Still since the second century of the Christian era the Christianized populations began to worship the martyrs, attributing miraculous powers to the relics of saints. Compact groups of new converts introduced in their religious rites components clearly polytheistic with which they were accustomed so well. They initiate the cult of the martyrs and saints in the religious practice, introduce the rite of praying in front of relics and statues of saints, invent religious festivals dedicated to them where divine mercy is implored from them as from the gods in Olympus during ancient times. Local saints, protectors of cities, fortifications, lands, trades … come into existence.
In 330, when Emperor Constantine allows Christianity to unrestrainedly manifest itself, an army of saints were already sustaining the more and more complex fabric of the religion in full ascent, without feeling that this state of things seems impiety.
In 397 Saint Martin, the first non-martyr saint of the Occident is officialized. He soon gets to be worshiped all round Europe. (Of course, it is interesting to imagine what Europe was like at that time!)
The zeal of the Empire’s peoples to institute saints and local deities to whom they prayed asking for mercy and charity and to whom they brought offerings, that zeal became irresistible.

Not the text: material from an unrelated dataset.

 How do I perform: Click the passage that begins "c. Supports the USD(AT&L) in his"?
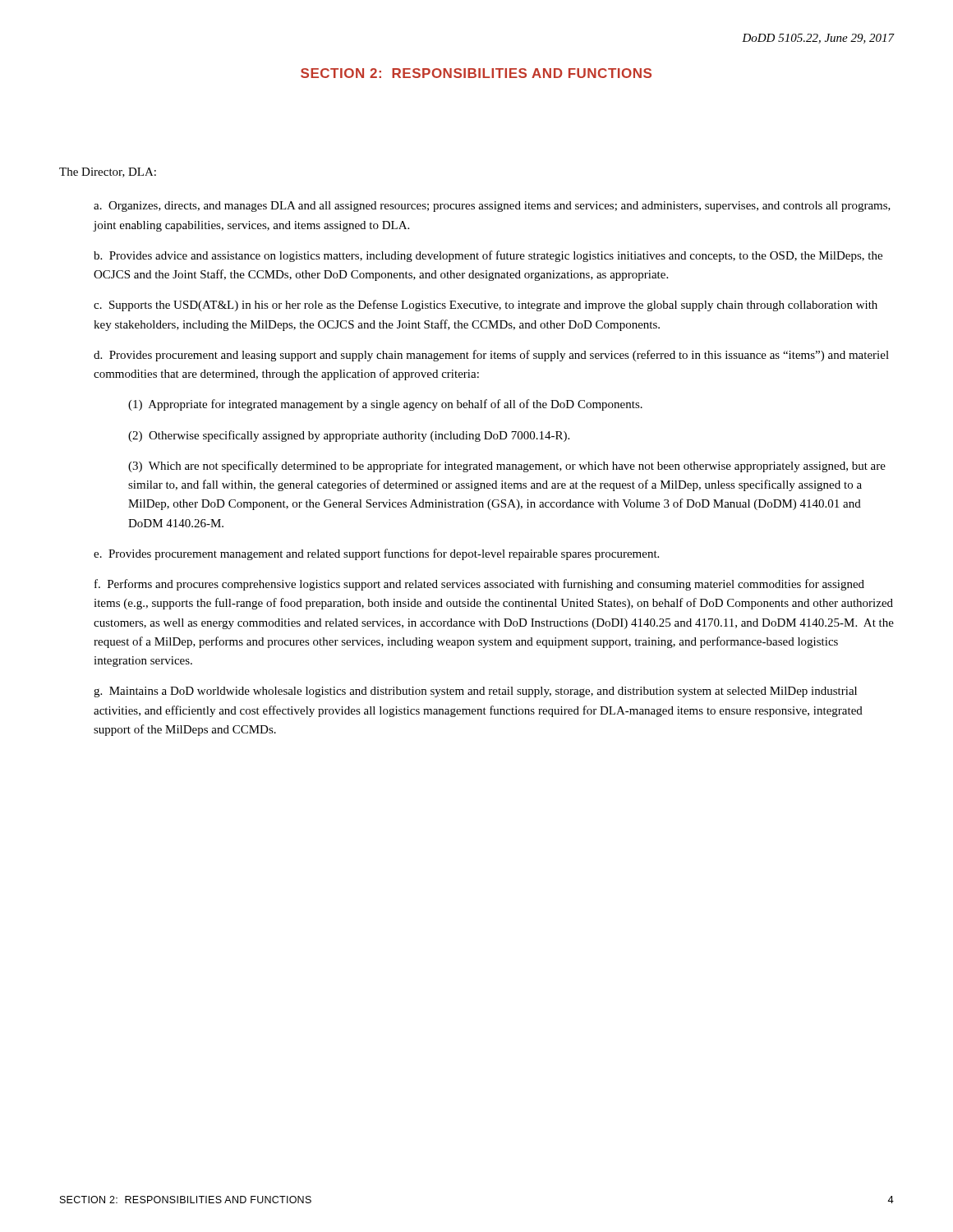coord(486,314)
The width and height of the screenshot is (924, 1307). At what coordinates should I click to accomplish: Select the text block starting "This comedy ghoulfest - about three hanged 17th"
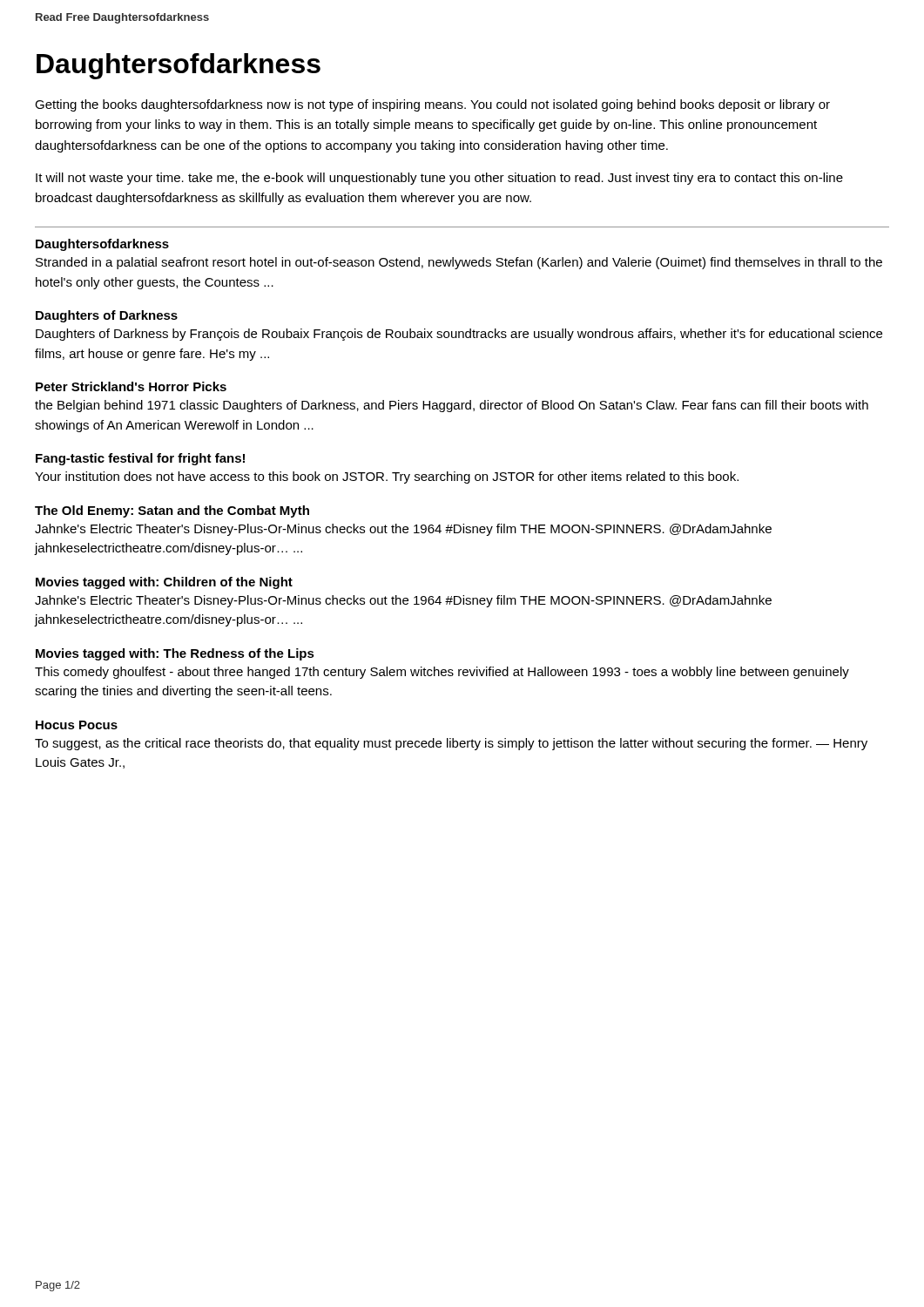462,682

So that, from the dominant character of the initial Christian monotheism, in contact with social organisms structured by polytheistic religions and practices for centuries, that was rapidly assimilated, becoming recessive, whereas the profound structures of the new baptized social organisms become dominant.

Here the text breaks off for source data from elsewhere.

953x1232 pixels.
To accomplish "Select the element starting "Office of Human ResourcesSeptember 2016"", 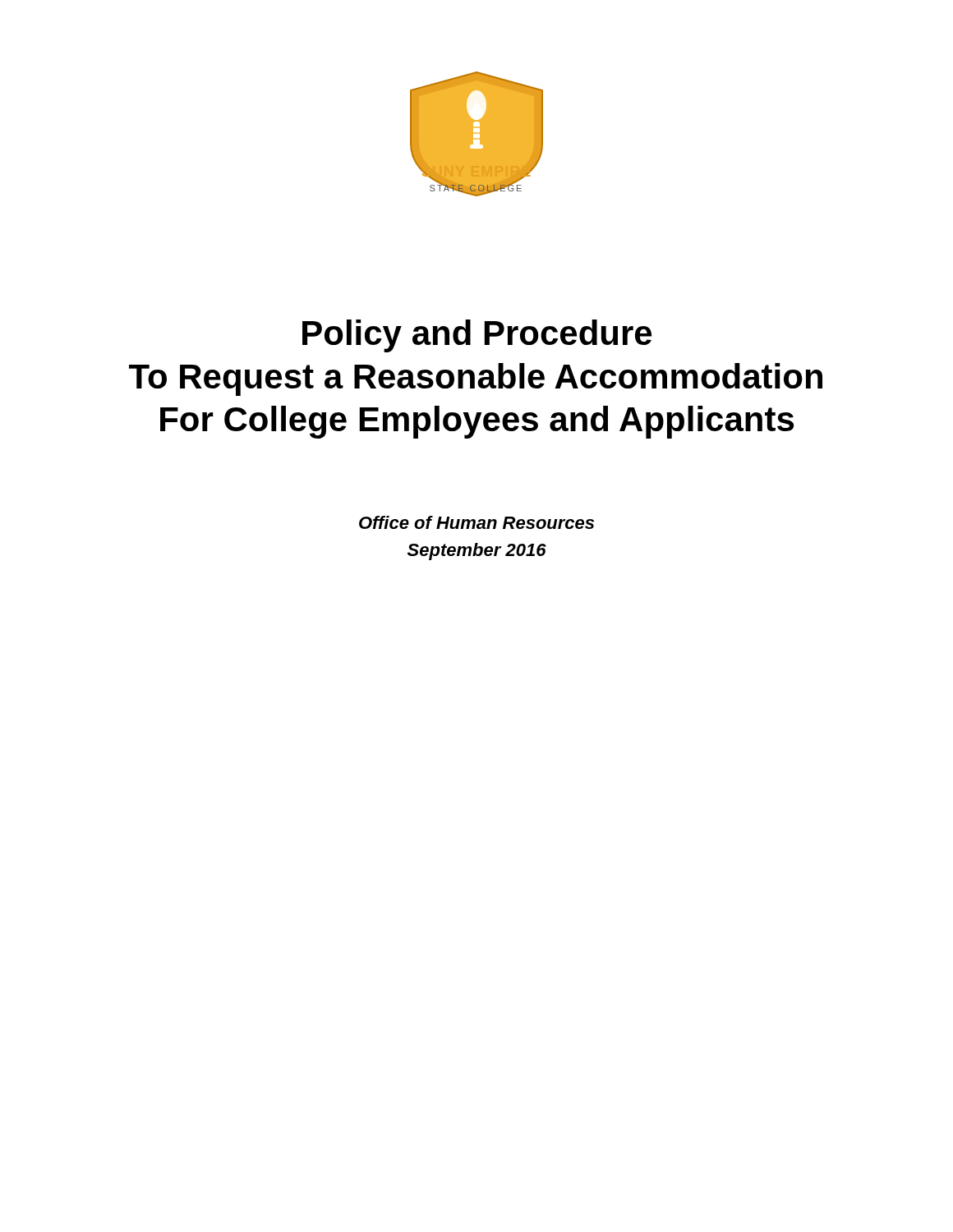I will (476, 536).
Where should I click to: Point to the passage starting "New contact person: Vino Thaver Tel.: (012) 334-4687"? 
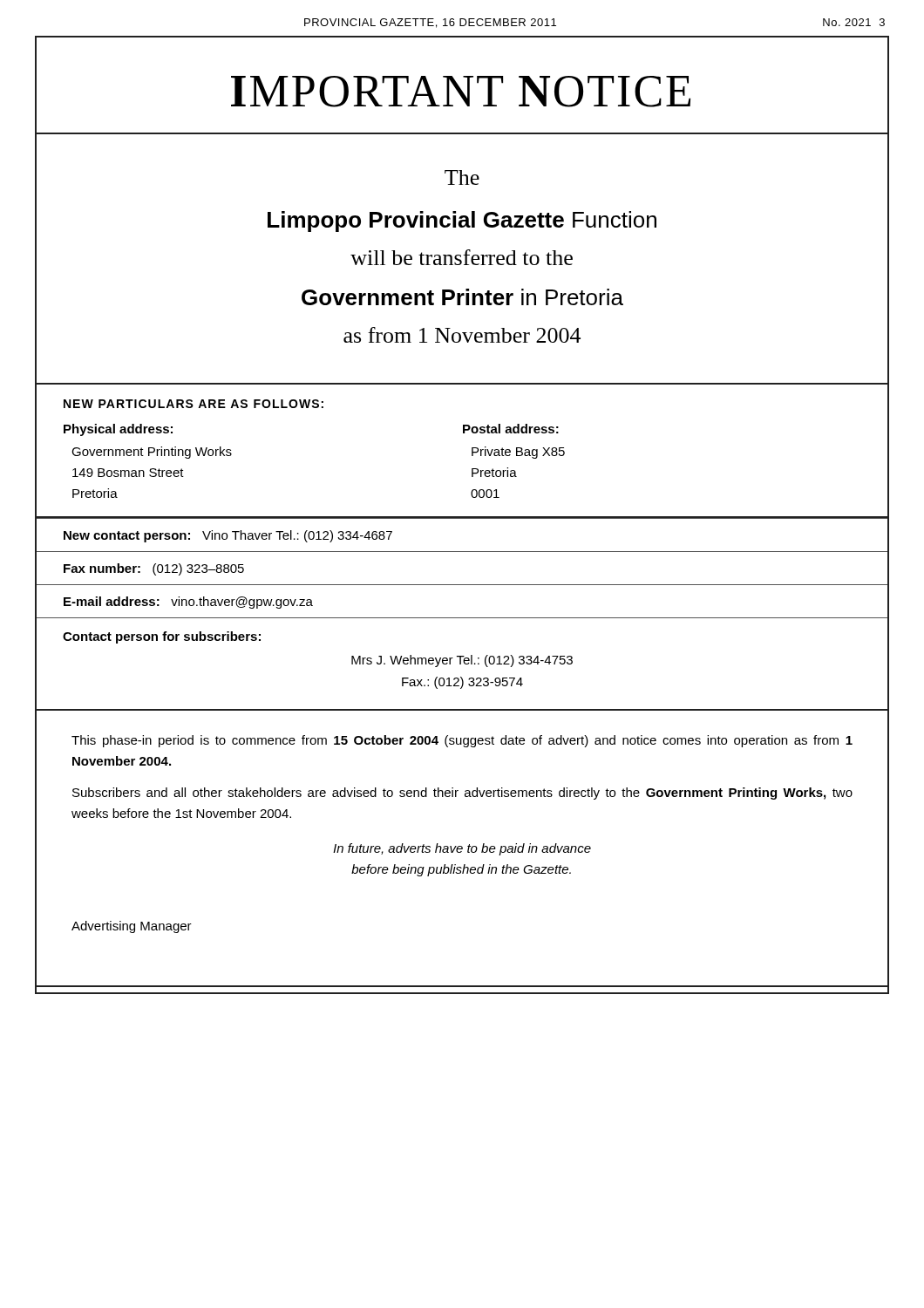[x=228, y=535]
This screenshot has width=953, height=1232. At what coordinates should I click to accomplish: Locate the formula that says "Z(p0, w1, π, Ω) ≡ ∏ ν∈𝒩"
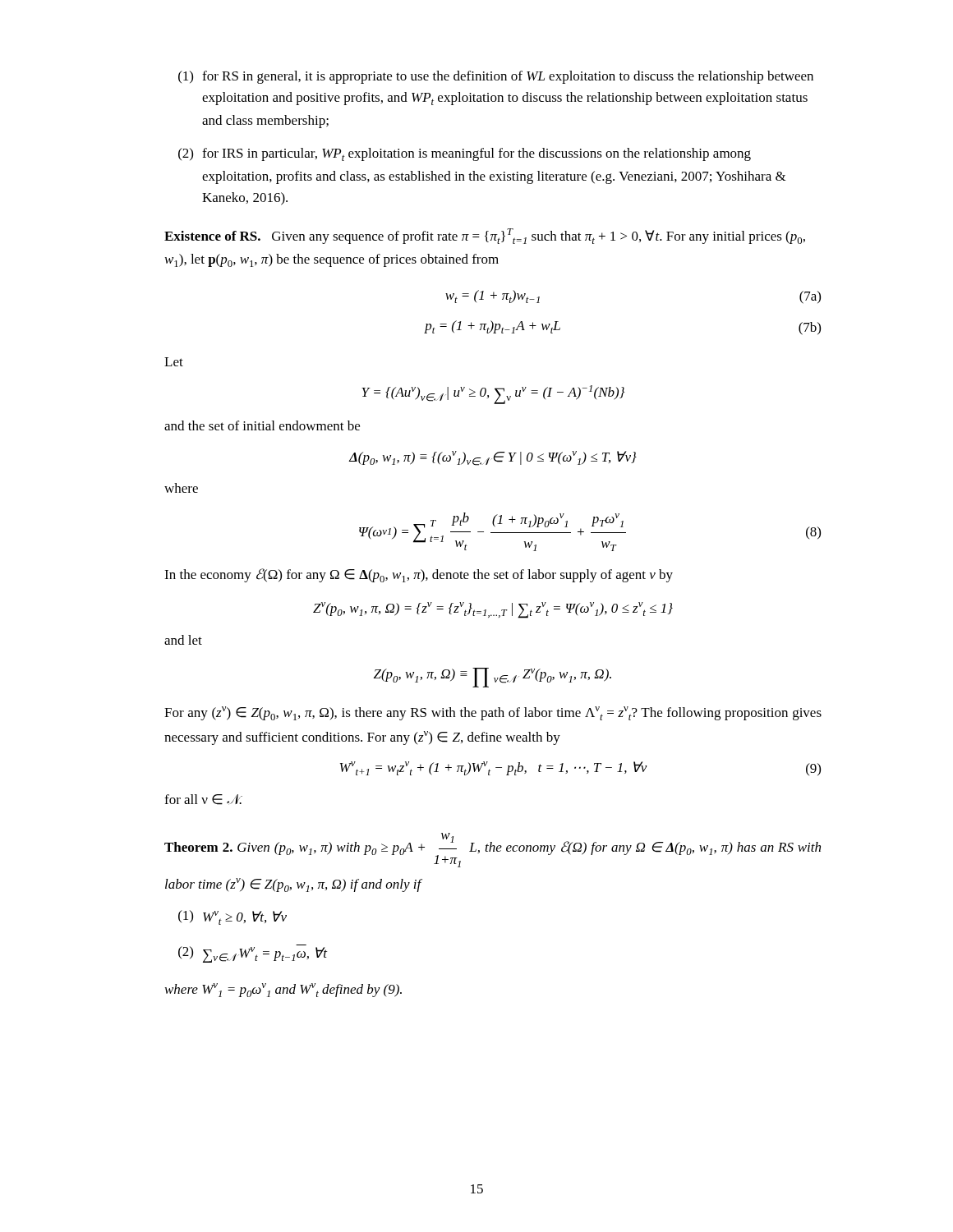[x=493, y=676]

It is remarkable that this phenomenon was one eminently objective, influenced by the nature of the societies where the new religion spread. The authorities’ reaction came very late, in a moment of maximum of factological compulsion, feeling that the situation of the prolificness of the saints got to be totally out of control.
Only in 1234 Pope Grigorie the 9th confirms, through official acts, the initiative of his predecessor, Pope Alexander the 3rd, to introduce the canonization in the official practice of the Church.
Until that date however, the peoples’ pantheon, both from East and from West was already overwhelmed by the number of saints who had polluted, to a great extent, the transcendental objectives of the gods. The fact that the cult of the saints directly led to the cult of the icons and statues, in spite of the biblical interdiction “Thou shalt not make onto thee any graven image” (Exodus, 20) does not seem to represent any doctrinary restriction for anybody.
There is nothing similar in the other monotheistic religions!
Christian monotheism was more and more getting to be a hybrid, excellently adapted to the conditions of every social organism. Saint Patrick, the apostle whom Ireland worships, has no religious relevance for the Greeks in Salonic who worship Saint Demetrius or St. Andrew, the saint who christianized Dobruja has no significance for the Norwegians, who worship St. Brigitta of Kildare or St. Ansgar, the apostle of the North.
Of course, Jesus Christ remains somewhere above, untouchable in his Threefold Being ( Father, Son and the Holy Spirit), surrounded by the crowds of saints, martyrs and heroes of the faith, maybe not in the same way in which Zeus was reigning over the gods in Olympus, yet somehow alike. Only that sometimes Jesus is more often with us, here, on Earth!